A Ponte D. Maria, igualmente conhecida como Ponte Velha e erroneamente como Ponte Romana, consiste nas ruínas de uma ponte histórica sobre o Rio Mira, localizada na aldeia de Santa Clara-a-Velha, Município de Odemira, em Portugal. Foi provavelmente construída em 1822,[1] embora possa ter substituído uma estrutura mais antiga,[2] uma vez que Santa Clara-a-Velha foi um local tradicional de passagem do Rio Mira desde a época romana.[1] Ainda no século XIX começou a sofrer de graves problemas de conservação,[1] acabando por ruir parcialmente no século XX.[3][4] Foi classificada como Imóvel de Interesse Municipal em 2006.[2]
Descrição
A ponte está situada num local isolado,[1] entre a localidade de Santa Clara-a-Velha e a Barragem de Santa Clara, e atravessa o Rio Mira.[2] Nas imediações situa-se uma pousada.[1]
Era composta originalmente por cinco vãos, formando arcos de volta perfeita de dimensões diferentes, tendo apenas sobrevivido dois arcos.[5] Estes arcos suportavam um tabuleiro horizontal, ladeado por muros de alvenaria.[1] A maior parte dos vestígios estão situados na margem direita do rio.[2] A estrutura original tinha 60,70 m de comprimento e 3 m de largura.[5] Utiliza um sistema de construção em alvenaria típico do seu período, e que teve origem nos modelos desenvolvidos durante a antiga civilização romana.[1] Apesar de estar em ruínas, ainda é visível a rigorosa organização geométrica que foi aplicada nos pilares e nos talhamares, em contraste com os aparelhos em alvenaria e a cobertura dos talhamares, em tijolo.[1] Os materiais utilizados nos quebra-mares, nos pilares e nos arcos foram alvenaria de calcário e grés em tons encarnados, e o tabuleiro e a calçada foram construídos com pequenas pedras de xisto e quartzo.[5]
História
Antecedentes e construção
Foram apontadas várias hipóteses para a data de construção da ponte, existindo uma tradição popular local que terá sido instalada durante o período romano, ou durante o reinado da rainha D. Maria, embora estas teorias não sejam sustentadas pelas provas físicas.[6] Pelo local onde se localiza a ponte, passava um antiga estrada romana que ligava Arandis (Garvão) a Ossónoba (Faro),[2] unindo desta forma a cidade de Pax Julia (Beja) ao Algarve.[1] Foram encontrados alguns indícios desta estrada no local onde atravessava o Rio Mira,[1] podendo ser o motivo pelo qual é chamada de Ponte Romana pelos locais.[2] Assim, é possível que neste local terá existido um estrutura mais antiga.[2]
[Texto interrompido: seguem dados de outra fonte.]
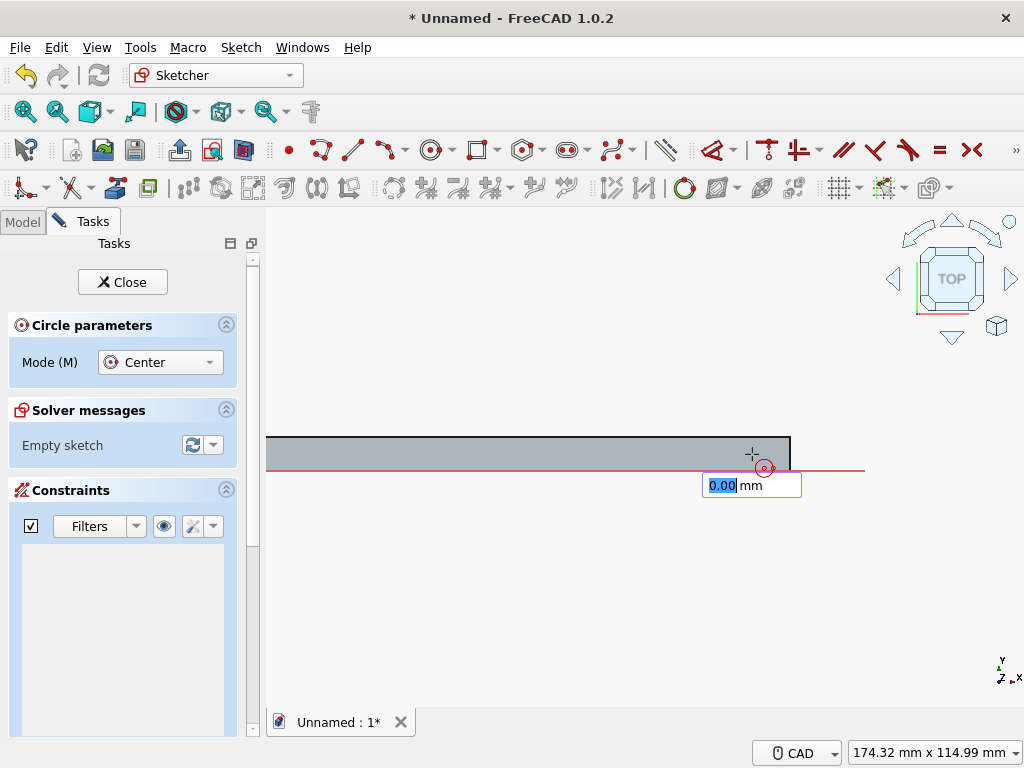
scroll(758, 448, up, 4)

A construção da ponte está ligada à necessidade de cruzar o Rio Mira, que constituía um grande obstáculo ao tráfego rodoviário.[7] A travessia era feita principalmente na vila de Odemira, na foz em Vila Nova de Milfontes, e nas imediações de Santa Clara-a-Velha.[7] Neste último local, o rio era passado tradicionalmente a vau, operação que era possível durante grande parte do ano.[3] Por esta última localidade passava uma importante via terrestre, que circulava igualmente por Sabóia, e que unia o Alentejo ao Algarve.[3] Com efeito, Santa Clara-a-Velha é referida como um ponto de passagem pelo menos desde a Idade Média.[3] Um roteiro de 1748 menciona que uma estrada entre Lisboa e Albufeira circulava por Santa Clara, o que é confirmado pelos mapas setecentistas.[1] Nos finais do século XVIII iniciou-se um programa de desenvolvimento das vias terrestres na área,[3] que incluiu vários trabalhos em São Martinho das Amoreiras, entre 1794 e 1795.[6] As obras foram interrompidas devido às invasões francesas, tendo sido reatadas em 1816.[3]
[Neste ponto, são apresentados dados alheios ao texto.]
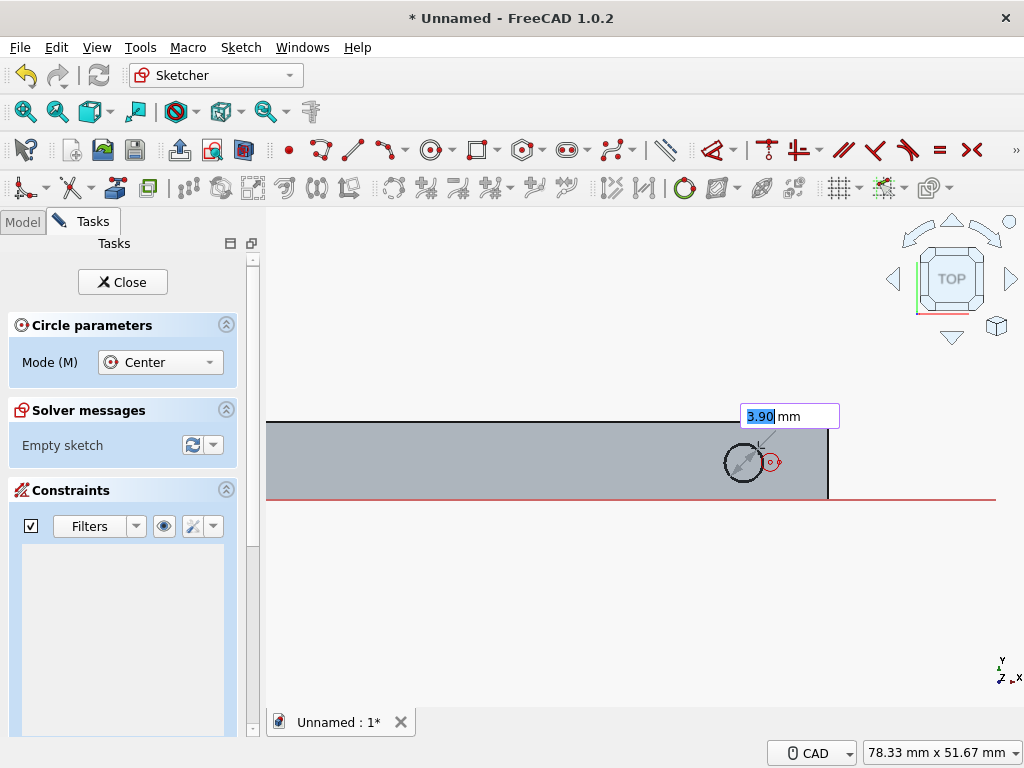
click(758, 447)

O primeiro pedido para a construção terá sido feito pela Câmara Municipal de Ourique nos princípios da década de 1820, na sequência do período que se seguiu à Revolução liberal do Porto, em 1820.[6] A autarquia pediu «a construcção de huma ponte sobre o Rio de Odemira, na Freguezia de Santa Clara», uma vez que aquele curso de água, classificado de «caudalozo», interrompia «a passagem por dias successivos» no Inverno.[6] A autarquia argumentou que devido à falta de uma travessia sobre o rio, tinha sido «inútil a avultada despeza que se fez em abrir a estrada que communica a Provincia de Alemtéjo, com o Reino do Algarve, pela Serra do Caldeirão na Freguezia de S. Martinho».[6] A despesa referida corresponde ao conjunto de trabalhos que tinham sido feitos nos finais do século XVIII.[6] Esta situação prejudicava as comunicações entre o Alentejo e o Algarve, e impedia um maior crescimento do comércio e da agricultura em ambas as regiões.[6] Foi escolhido um local a montante de Santa Clara, uma vez que as margens aplanadas junto à povoação não seriam tão adequadas à construção da ponte.[3]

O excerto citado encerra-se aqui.